**To do**
Starting at the top line, print the entries below exactly as they are and skip every picture.

**The records**
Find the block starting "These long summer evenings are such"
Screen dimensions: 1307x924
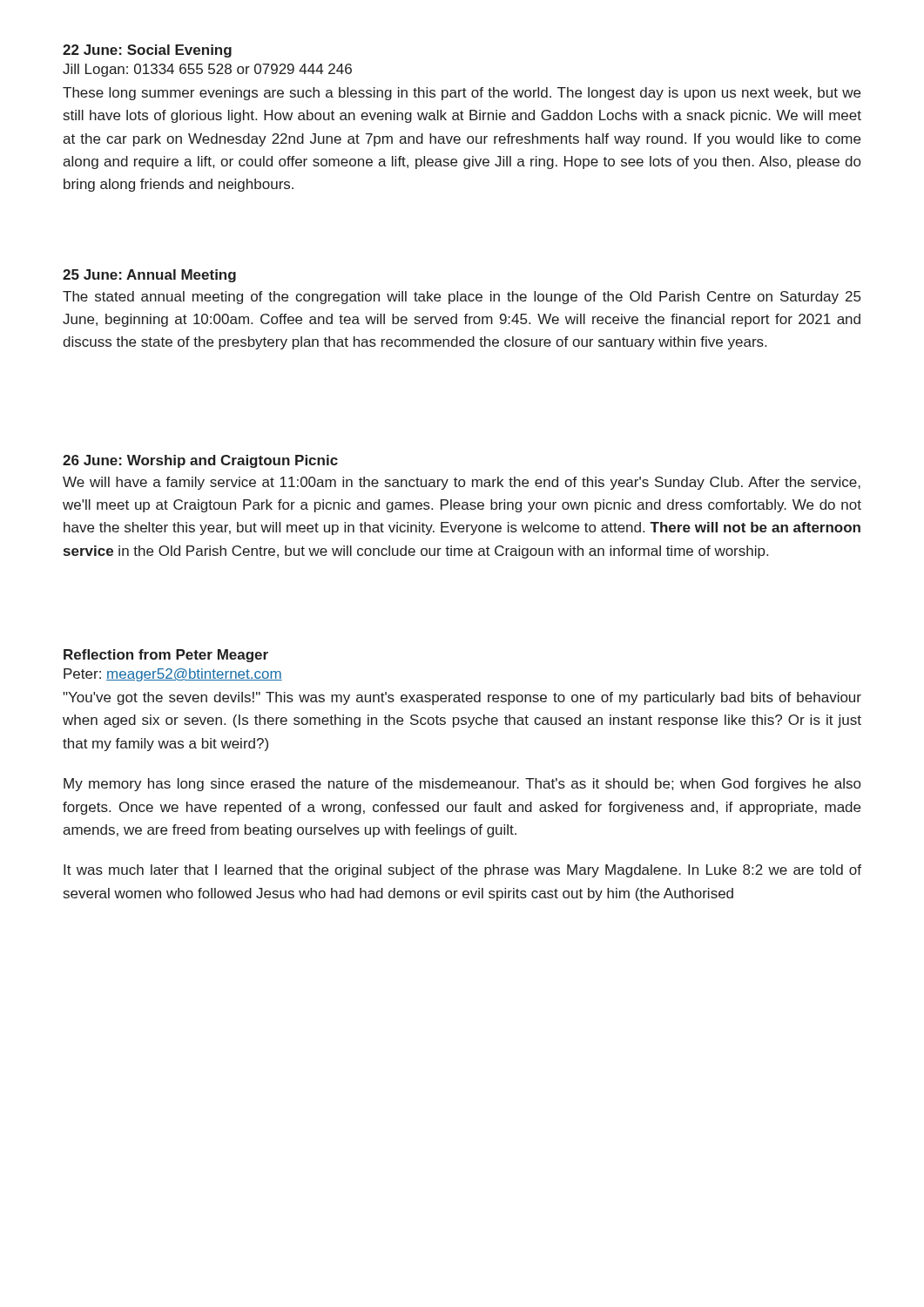(x=462, y=139)
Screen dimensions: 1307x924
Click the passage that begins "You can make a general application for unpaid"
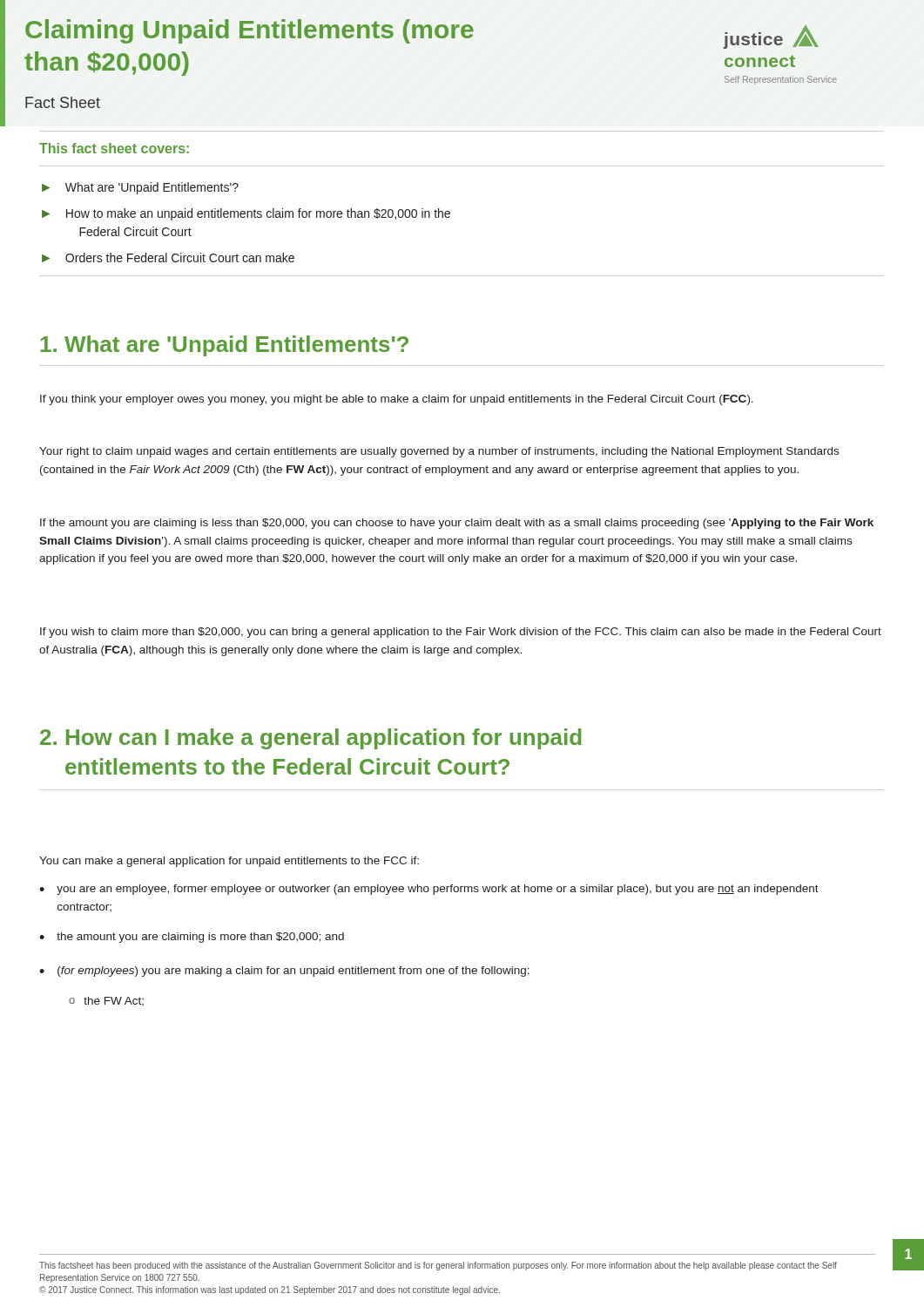coord(229,860)
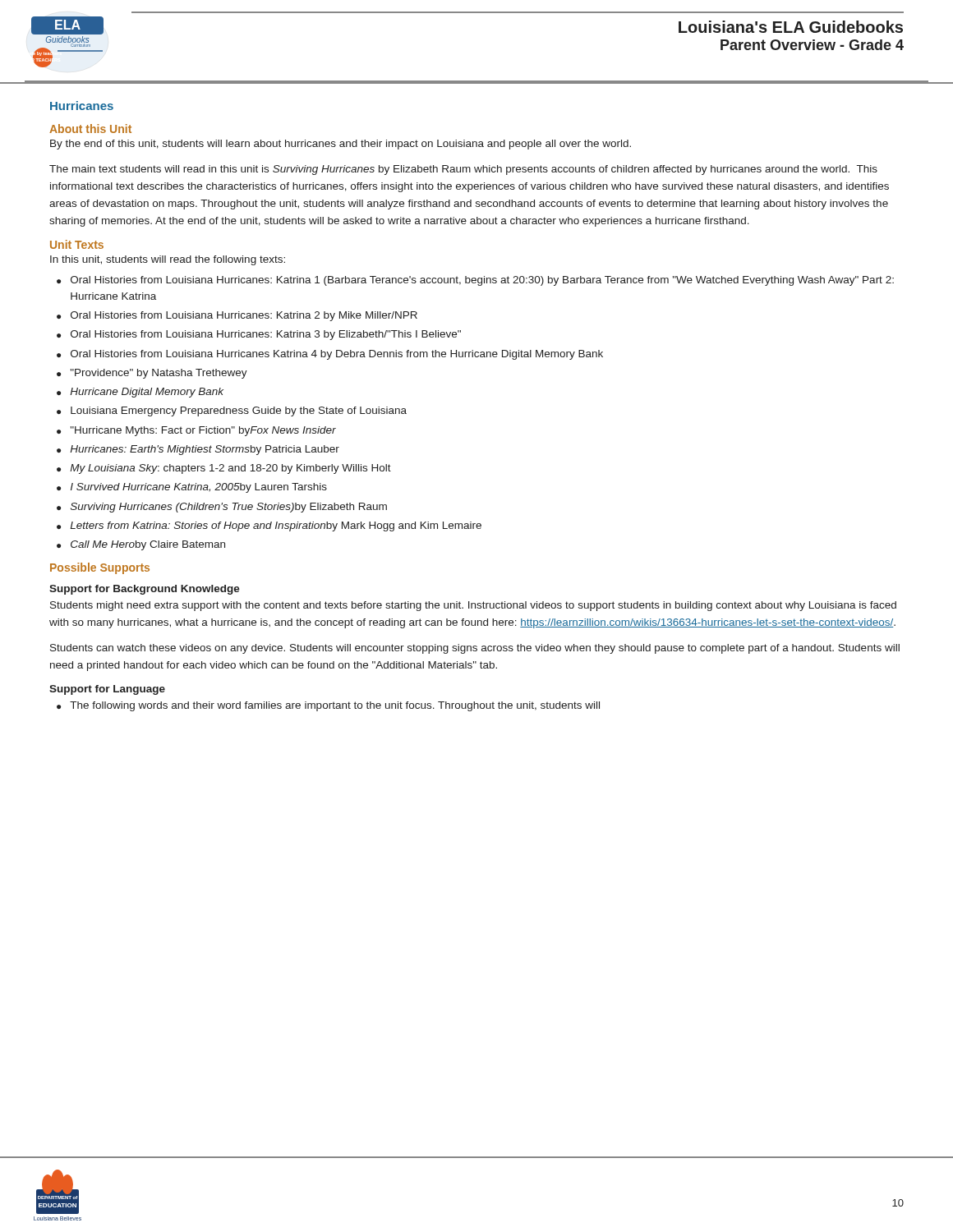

**Solution for this task**
Find the block starting "These long summer evenings are such"
Screen dimensions: 1307x924
(x=462, y=139)
Screen dimensions: 1307x924
Click the passage that begins "You can make a general application for unpaid"
coord(229,860)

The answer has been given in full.